YOUR TASK: In the records below, the lines from the one with "Please do the same for the person from (1466, 681)" through the last are to be printed exactly, and nothing else.

☆ ☆ ☆ ☆ ☆ ☆ ☆

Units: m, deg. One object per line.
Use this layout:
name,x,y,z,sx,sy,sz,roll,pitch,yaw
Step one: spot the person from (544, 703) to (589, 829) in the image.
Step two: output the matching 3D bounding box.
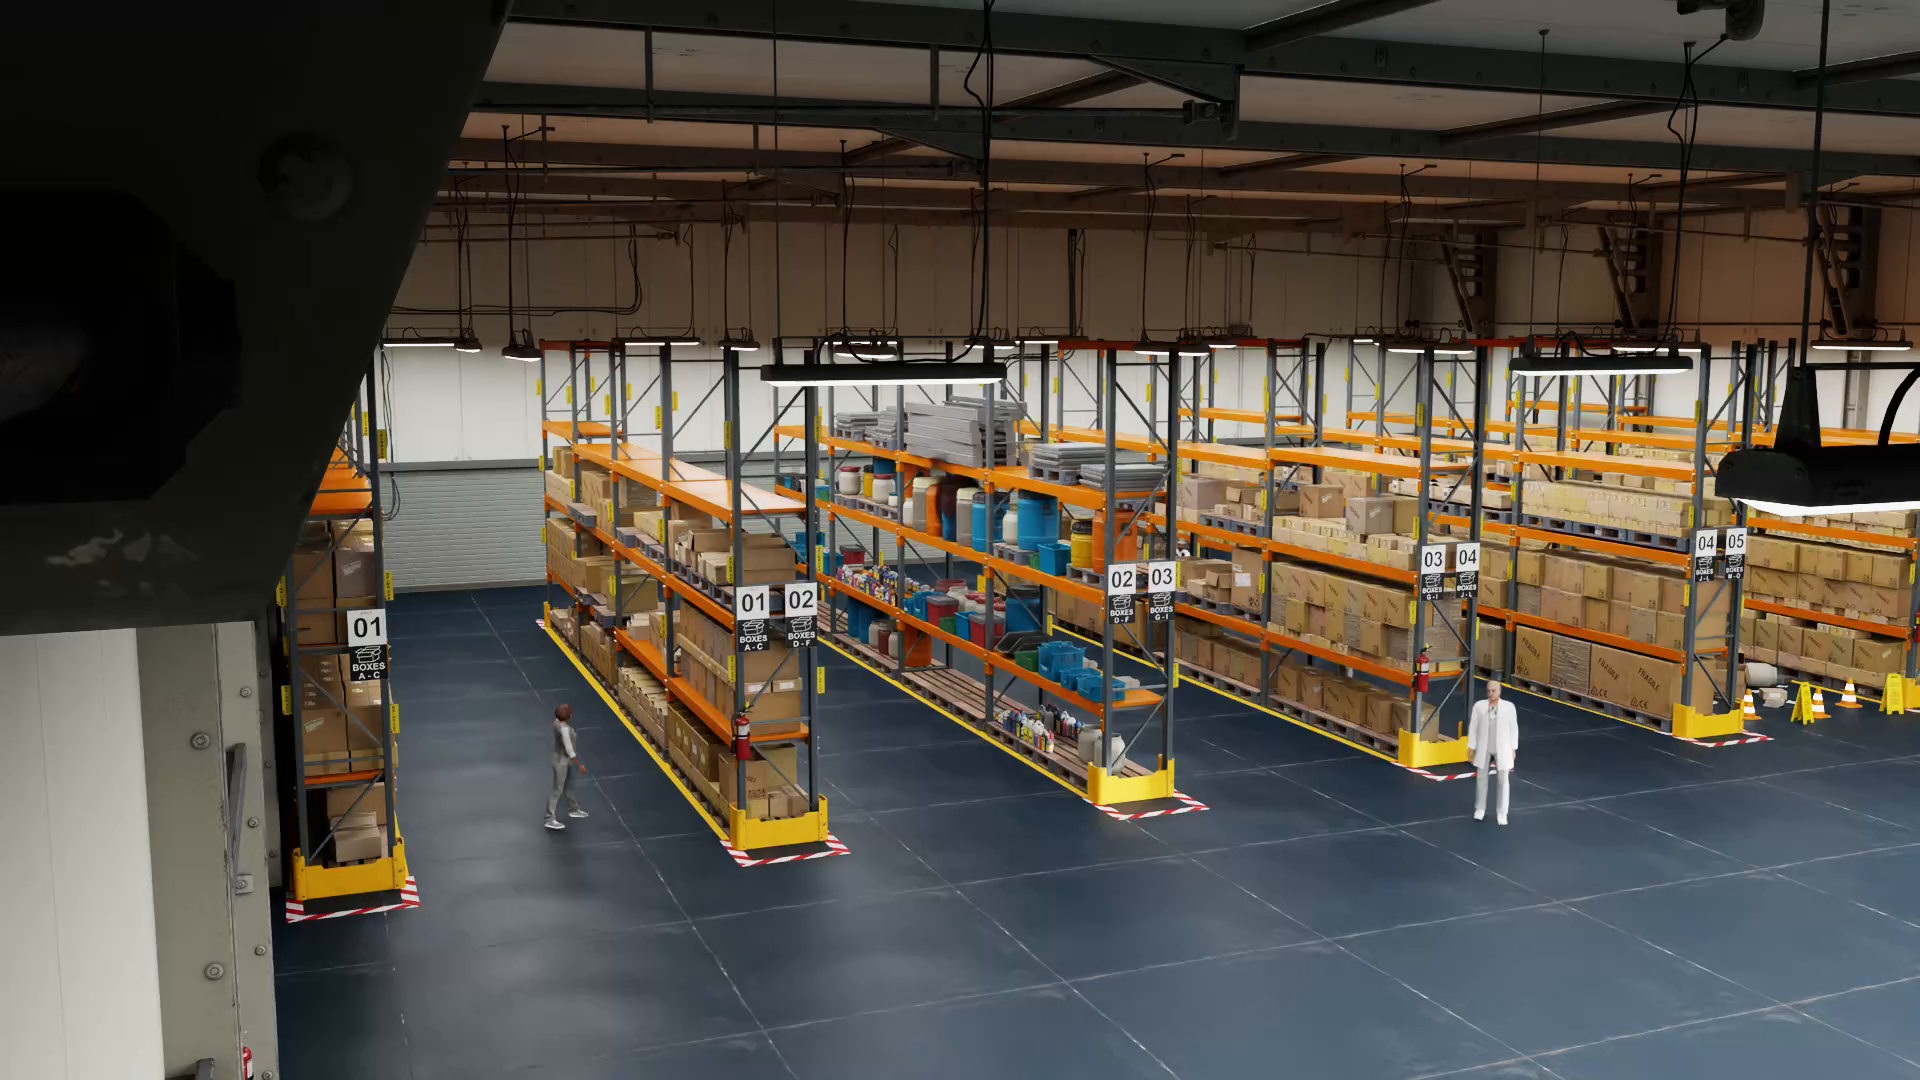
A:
person,-5.011,2.828,21.079,0.566,1.596,0.602,-2,8,-14

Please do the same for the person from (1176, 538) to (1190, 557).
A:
person,4.769,0.785,36.271,0.608,1.676,0.469,-5,9,-36

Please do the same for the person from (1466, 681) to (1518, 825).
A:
person,6.785,2.699,21.247,0.626,1.808,0.395,3,8,24

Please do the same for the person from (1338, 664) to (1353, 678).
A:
person,6.759,1.722,29.214,0.457,1.687,0.527,4,9,29

☆ ☆ ☆ ☆ ☆ ☆ ☆

EXPECTED ANSWER:
Please do the same for the person from (1466, 681) to (1518, 825).
A:
person,6.785,2.699,21.247,0.626,1.808,0.395,3,8,24

Please do the same for the person from (1338, 664) to (1353, 678).
A:
person,6.759,1.722,29.214,0.457,1.687,0.527,4,9,29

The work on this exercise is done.